Teaching you to embrace today while making yourself a millionaire!

I wish I would have understood how easy it is to become a millionaire by starting to save small amounts of money when I was younger...

I feel compelled to share the simple concepts you can apply today....


24 November 2008

Some more credit facts

I have been thinking alot about when I was in college and how life worked in the 80's. I went to school about 4 hours from my childhood home. There were no cell phones, email, instant messaging, or other forms of instant communication. My mom would write me a letter and tell me when she was going to call so I would be home to answer the phone. Long distance was expensive and we always made the calls quick and not during peak hours.

I had a checking account - no debit or credit cards. I ate in the school cafeteria no other options existed on a meal plan. I would grab extra fruit or bagels to have food in my room. I waited for boxes to arrive from home or family members for home cooked treats and hopefully a few dollars.

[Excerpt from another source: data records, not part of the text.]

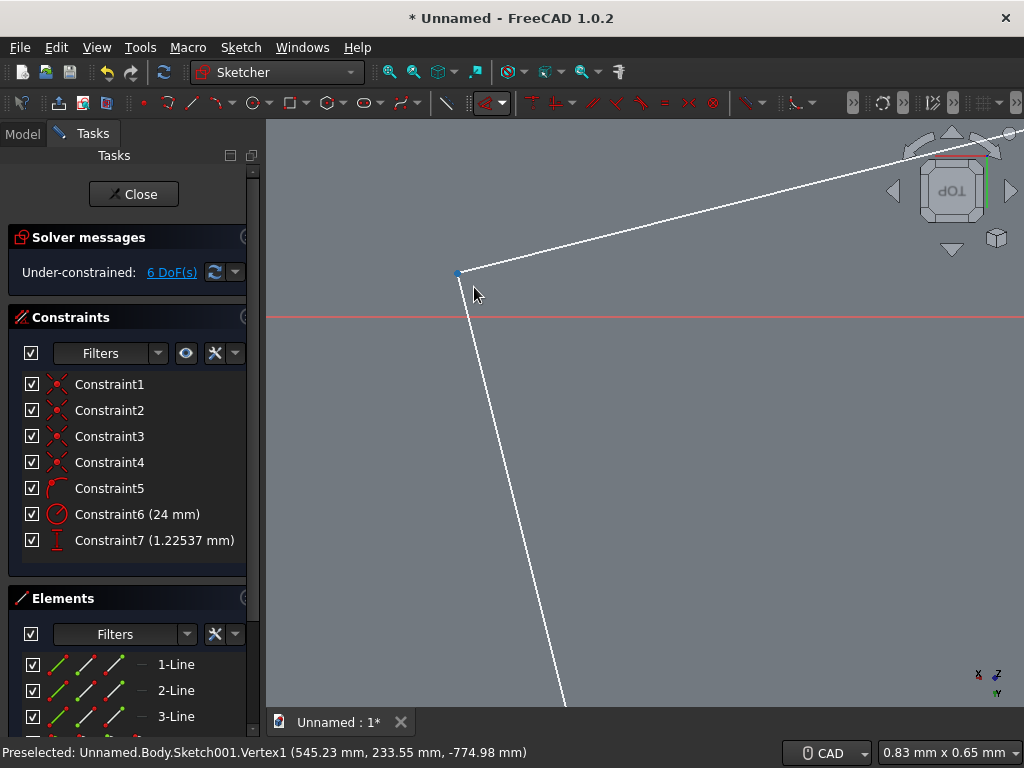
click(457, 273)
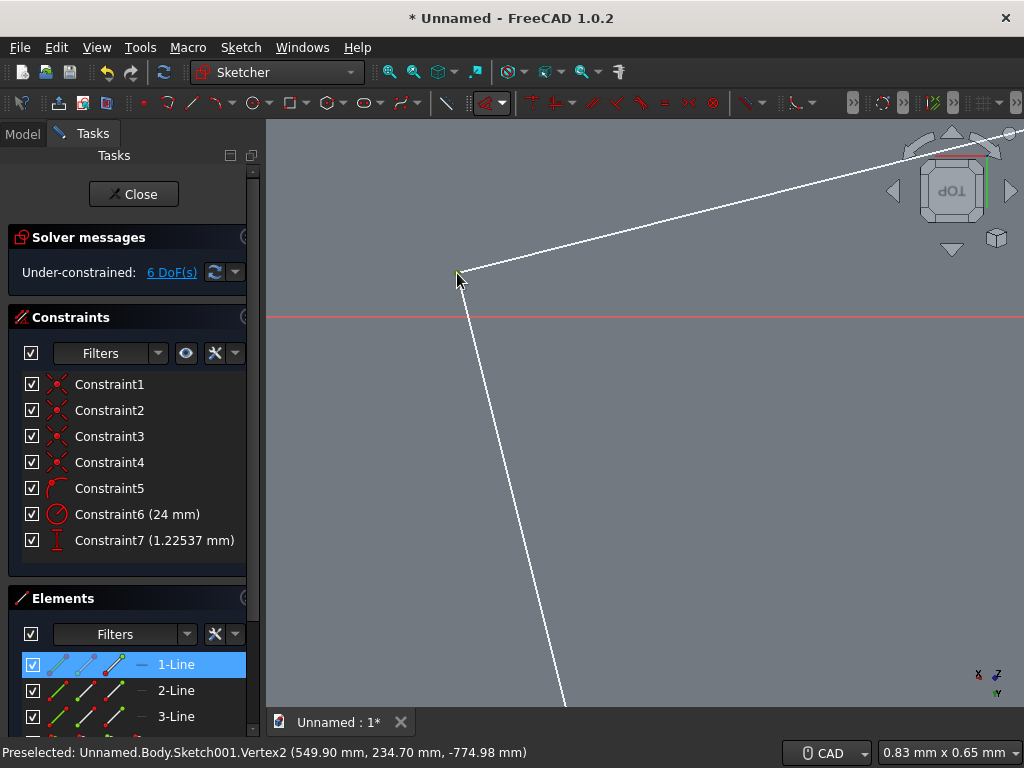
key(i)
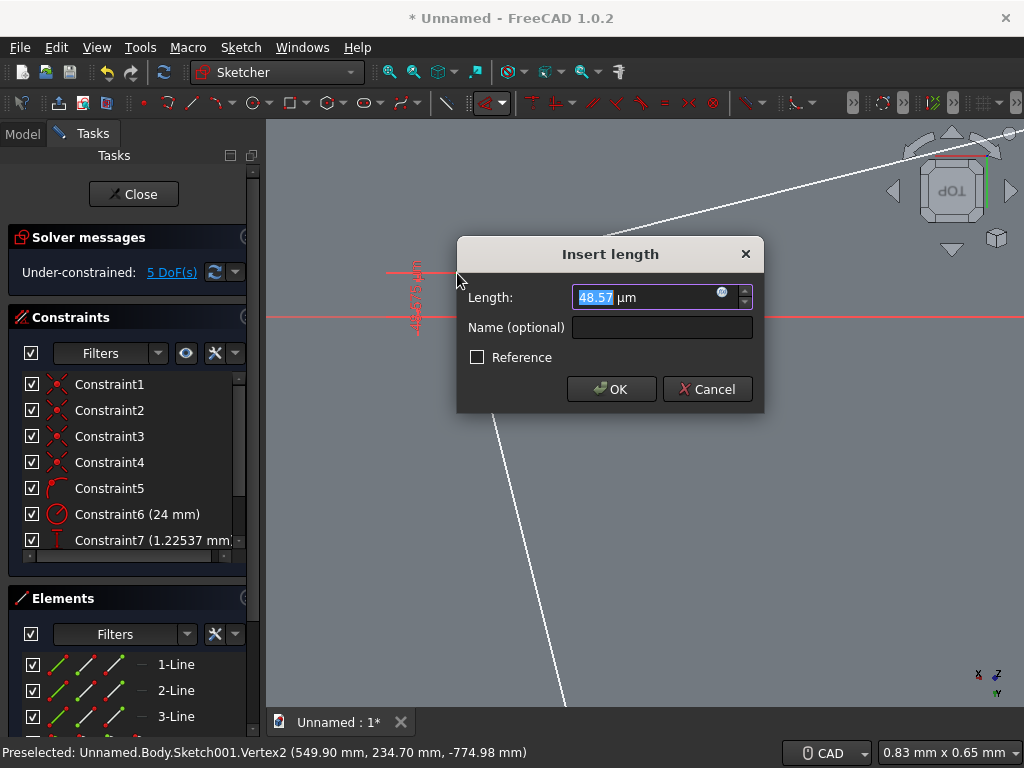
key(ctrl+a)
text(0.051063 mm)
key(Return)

Every time I spent money it was literally a very conscience decision. From splitting a pizza with my roommate, going to a dance club, what personal items I purchased, to how I bought my books for my classes. I can still remember what it felt like to ponder these purchases - because to have 1 item meant I didn't have another. It was not a bad feeling it was one of being responsibly and respecting my limits. It also help me really prioritize what was important to me. I still make my financial decisions with the same awareness. I live under my financial means and really enjoy everything I choose to spend my money on.

Here are some financial tips for high school and college students... from the Credit Abuse Resistance Education Program.

1. Create a realistic budget.

2. Open a savings account.

3. Look for ways to save money. We have discussed this time and time again.

4. Use cash, debit card or checking out instead of credit.

5. Avoid credit card debt.

6. Pay your bills on time.

7. Pay debt off as quickly as possible.

8. Minimize student loan debt.

9. Avoid - impulse shopping, expensive behaviors like gambling and drugs, opening multiple charge accounts, pawn shops, car loans longer than three years, rent to own and payday establishments. Do not open credit cards to get free stuff. Those cards HURT your credit.

10. Remember the consequences of abusing credit cards and other consumer debt. Don't lose out on a job, student loans, admission to graduate school, apartment or car loans because of too much credit card or other consumer debt. Today everyone is pulling credit reports and suing them to make decisions about your future.

I don't know when this changed but when I was in college my parents weren't concerned that I worked third shift in a hospital on weekends and part time at the Medical bookstore while going to school and having a social life. I was able to manage all that and keep my student loans to a manageable amount. I am not suggesting everyone should work 2 jobs but I am asking why is not possible to work at least 1 part time job to cover your extra expenses or keep your loans to a minimum. This parent attitude (in my thinking) does not help you learn to manage your time, finances and choices. My kids are very active in college activities, work part time, take student loans, and perform well in their classes. They are accountable for their life and choices. As parents we assist with expenses (our choice) and support their choices. Isn't that what college is all about - learning to make responsible decisions and learn to live on your own?